Payote est une marque d’espadrilles 100% made in France créée par Olivier Gelly en 2016. Fidèle à l’artisanat traditionnel, c’est à l'atelier Megam - petite usine traditionnelle qui existe depuis trois générations à Mauléon, capitale de la Soule au Pays-Basque - que sont fabriquées les espadrilles. En mars 2021, Payote a inauguré son premier atelier de prototypage à Perpignan pour permet à la marque de se concentrer sur les collaborations et les paires personnalisées tout en poursuivant le travail avec l'atelier de Mauléon pour le reste de la collection. "Une partie de l'atelier de prototypage est opérationnel mais nous sommes dans l'attente des autres machines pour le mois d'août. Pour l'instant un seul chef d'atelier a été recruté mais cet été nous poursuivrons la création d'emplois directs", nous indique Olivier Gelly.
Olivier Rondinaud (quatrième génération de fabricant de charentaises depuis 1907) a repris les rênes d’un savoir-faire artisanal et centenaire charentais, accompagné de Michel Violleau.

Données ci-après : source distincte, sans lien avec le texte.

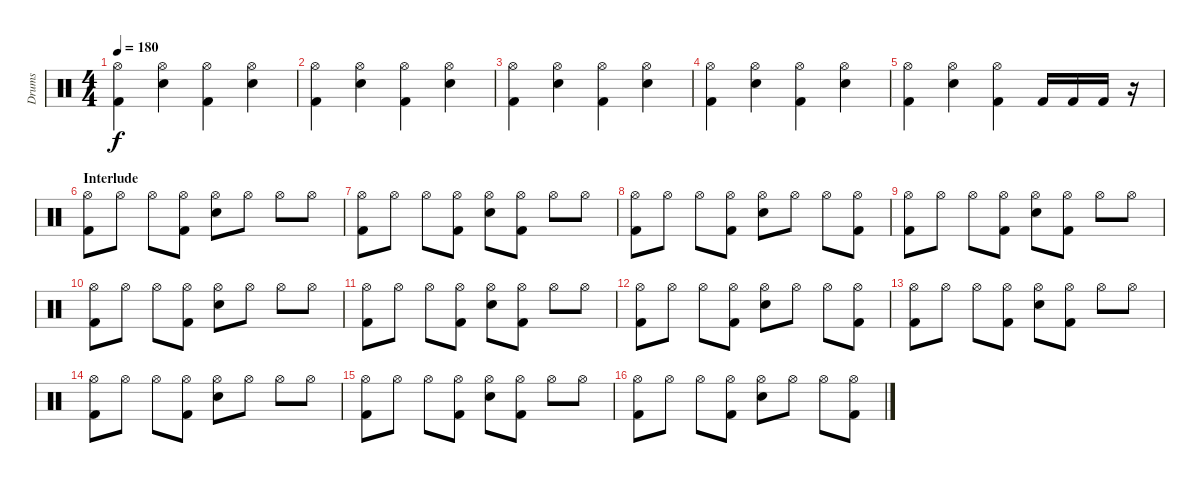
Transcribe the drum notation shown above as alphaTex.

\track ("Drums" "Drums") {instrument percussion}
\staff {score}
\articulation defaults
\ts (4 4)
\tempo 180
\clef neutral
\ks c
("Hi-Hat (open)" "Kick (hit) 2").4{dy f} ("Hi-Hat (open)" "Electric Snare (hit)").4 ("Hi-Hat (open)" "Kick (hit) 2").4 ("Hi-Hat (open)" "Electric Snare (hit)").4 |
("Hi-Hat (open)" "Kick (hit) 2").4 ("Hi-Hat (open)" "Electric Snare (hit)").4 ("Hi-Hat (open)" "Kick (hit) 2").4 ("Hi-Hat (open)" "Electric Snare (hit)").4 |
("Hi-Hat (open)" "Kick (hit) 2").4 ("Hi-Hat (open)" "Electric Snare (hit)").4 ("Hi-Hat (open)" "Kick (hit) 2").4 ("Hi-Hat (open)" "Electric Snare (hit)").4 |
("Hi-Hat (open)" "Kick (hit) 2").4 ("Hi-Hat (open)" "Electric Snare (hit)").4 ("Hi-Hat (open)" "Kick (hit) 2").4 ("Hi-Hat (open)" "Electric Snare (hit)").4 |
("Hi-Hat (open)" "Kick (hit) 2").4 ("Hi-Hat (open)" "Electric Snare (hit)").4 ("Hi-Hat (open)" "Kick (hit) 2").4 "Kick (hit) 2".16 "Kick (hit) 2".16 "Kick (hit) 2".16 r.16 |
\section ("" "Interlude")
("Hi-Hat (open)" "Kick (hit) 2").8 "Hi-Hat (open)".8 "Hi-Hat (open)".8 ("Hi-Hat (open)" "Kick (hit) 2").8 ("Hi-Hat (open)" "Electric Snare (hit)").8 "Hi-Hat (open)".8 "Hi-Hat (open)".8 "Hi-Hat (open)".8 |
("Hi-Hat (open)" "Kick (hit) 2").8 "Hi-Hat (open)".8 "Hi-Hat (open)".8 ("Hi-Hat (open)" "Kick (hit) 2").8 ("Hi-Hat (open)" "Electric Snare (hit)").8 ("Hi-Hat (open)" "Kick (hit) 2").8 "Hi-Hat (open)".8 "Hi-Hat (open)".8 |
("Hi-Hat (open)" "Kick (hit) 2").8 "Hi-Hat (open)".8 "Hi-Hat (open)".8 ("Hi-Hat (open)" "Kick (hit) 2").8 ("Hi-Hat (open)" "Electric Snare (hit)").8 "Hi-Hat (open)".8 "Hi-Hat (open)".8 ("Hi-Hat (open)" "Kick (hit) 2").8 |
("Hi-Hat (open)" "Kick (hit) 2").8 "Hi-Hat (open)".8 "Hi-Hat (open)".8 ("Hi-Hat (open)" "Kick (hit) 2").8 ("Hi-Hat (open)" "Electric Snare (hit)").8 ("Hi-Hat (open)" "Kick (hit) 2").8 "Hi-Hat (open)".8 "Hi-Hat (open)".8 |
("Hi-Hat (open)" "Kick (hit) 2").8 "Hi-Hat (open)".8 "Hi-Hat (open)".8 ("Hi-Hat (open)" "Kick (hit) 2").8 ("Hi-Hat (open)" "Electric Snare (hit)").8 "Hi-Hat (open)".8 "Hi-Hat (open)".8 "Hi-Hat (open)".8 |
("Hi-Hat (open)" "Kick (hit) 2").8 "Hi-Hat (open)".8 "Hi-Hat (open)".8 ("Hi-Hat (open)" "Kick (hit) 2").8 ("Hi-Hat (open)" "Electric Snare (hit)").8 ("Hi-Hat (open)" "Kick (hit) 2").8 "Hi-Hat (open)".8 "Hi-Hat (open)".8 |
("Hi-Hat (open)" "Kick (hit) 2").8 "Hi-Hat (open)".8 "Hi-Hat (open)".8 ("Hi-Hat (open)" "Kick (hit) 2").8 ("Hi-Hat (open)" "Electric Snare (hit)").8 "Hi-Hat (open)".8 "Hi-Hat (open)".8 ("Hi-Hat (open)" "Kick (hit) 2").8 |
("Hi-Hat (open)" "Kick (hit) 2").8 "Hi-Hat (open)".8 "Hi-Hat (open)".8 ("Hi-Hat (open)" "Kick (hit) 2").8 ("Hi-Hat (open)" "Electric Snare (hit)").8 ("Hi-Hat (open)" "Kick (hit) 2").8 "Hi-Hat (open)".8 "Hi-Hat (open)".8 |
("Hi-Hat (open)" "Kick (hit) 2").8 "Hi-Hat (open)".8 "Hi-Hat (open)".8 ("Hi-Hat (open)" "Kick (hit) 2").8 ("Hi-Hat (open)" "Electric Snare (hit)").8 "Hi-Hat (open)".8 "Hi-Hat (open)".8 "Hi-Hat (open)".8 |
("Hi-Hat (open)" "Kick (hit) 2").8 "Hi-Hat (open)".8 "Hi-Hat (open)".8 ("Hi-Hat (open)" "Kick (hit) 2").8 ("Hi-Hat (open)" "Electric Snare (hit)").8 ("Hi-Hat (open)" "Kick (hit) 2").8 "Hi-Hat (open)".8 "Hi-Hat (open)".8 |
("Hi-Hat (open)" "Kick (hit) 2").8 "Hi-Hat (open)".8 "Hi-Hat (open)".8 ("Hi-Hat (open)" "Kick (hit) 2").8 ("Hi-Hat (open)" "Electric Snare (hit)").8 "Hi-Hat (open)".8 "Hi-Hat (open)".8 ("Hi-Hat (open)" "Kick (hit) 2").8

Ils ont sauvé le matériel de La manufacture charentaise, placée en 2019 en liquidation judiciaire, ainsi que des emplois. L’Atelier Charentaises - installé à La Rochefoucauld, dans le berceau historique de la pantoufle au motif tartan - a été lancé en mai 2020. Un retour aux sources pour la production de ce chausson emblématique d’un département et d’un savoir-faire artisanal renaissant de ses cendres pour perpétuer la technique originelle du cousu-retourné avec son feutre en tissé trame, fabriqué par Jules Tournier le dernier lainier français. "Notre équipe de 13 personnes est constituée de 11 personnes venant de la Manufacture charentaise" précise Olivier Rondinaud ajoutant "depuis nous avons recruté une personne en septembre 2020 et d'ici mai 2021 trois nouvelles personnes nous rejoignent. Elles viennent, elles aussi, de l'ancienne usine".
Kaporal, Véja : favoriser la réinsertion
La production peut se faire également en conjuguant une action sociale, comme la réinsertion. La marque de prêt-à-porter Kaporal et de baskets Veja ont opté pour cette action.
Kaporal travaille avec l’atelier 13 Atipik : il s’agit d’un atelier de confection et de réinsertion made in Marseille agréé par l'état. Son objectif est de permettre à des personnes sans emploi, rencontrant des difficultés sociales et professionnelles particulières de bénéficier de contrats de travail. L'association propose de re-mobiliser, de dynamiser ces personnes engagées dans un parcours d'insertion professionnelle en mettant en œuvre des modalités spécifiques d'accueil et d'accompagnement. Pour Guillaume Ruby, directeur marque et communication : "Kaporal est une marque de jeanswear marseillaise, ancrée dans son territoire. Une région, qui, jusqu’au milieu des années 80 et les vagues de délocalisations françaises, était un bastion de la confection textile. Faire le choix d’upcycler avec des ateliers marseillais et de relocaliser une partie de sa confection en France est un acte engagé voire militant. C’est aussi donner un nouveau sens créatif et innovant à un vêtement populaire, qui ne restera ainsi jamais banal pour les nouvelles générations".
En 2004, Veja ouvrait son premier entrepôt chez Atelier Sans Frontières qui s’occupait de la plateforme logistique. ASF est une ONG d'insertion aidant les personnes fragilisées à retrouver un emploi et une situation sociale stabilisée. Mais en grandissant Veja a réalisé qu’une équipe plus importante était nécessaire. La logistique est à présent gérée par Log'ins (pour Logistique et Insertion) qui appartient au même groupe qu'ASF et travaille également auprès de personnes en situation d’exclusion et de handicap.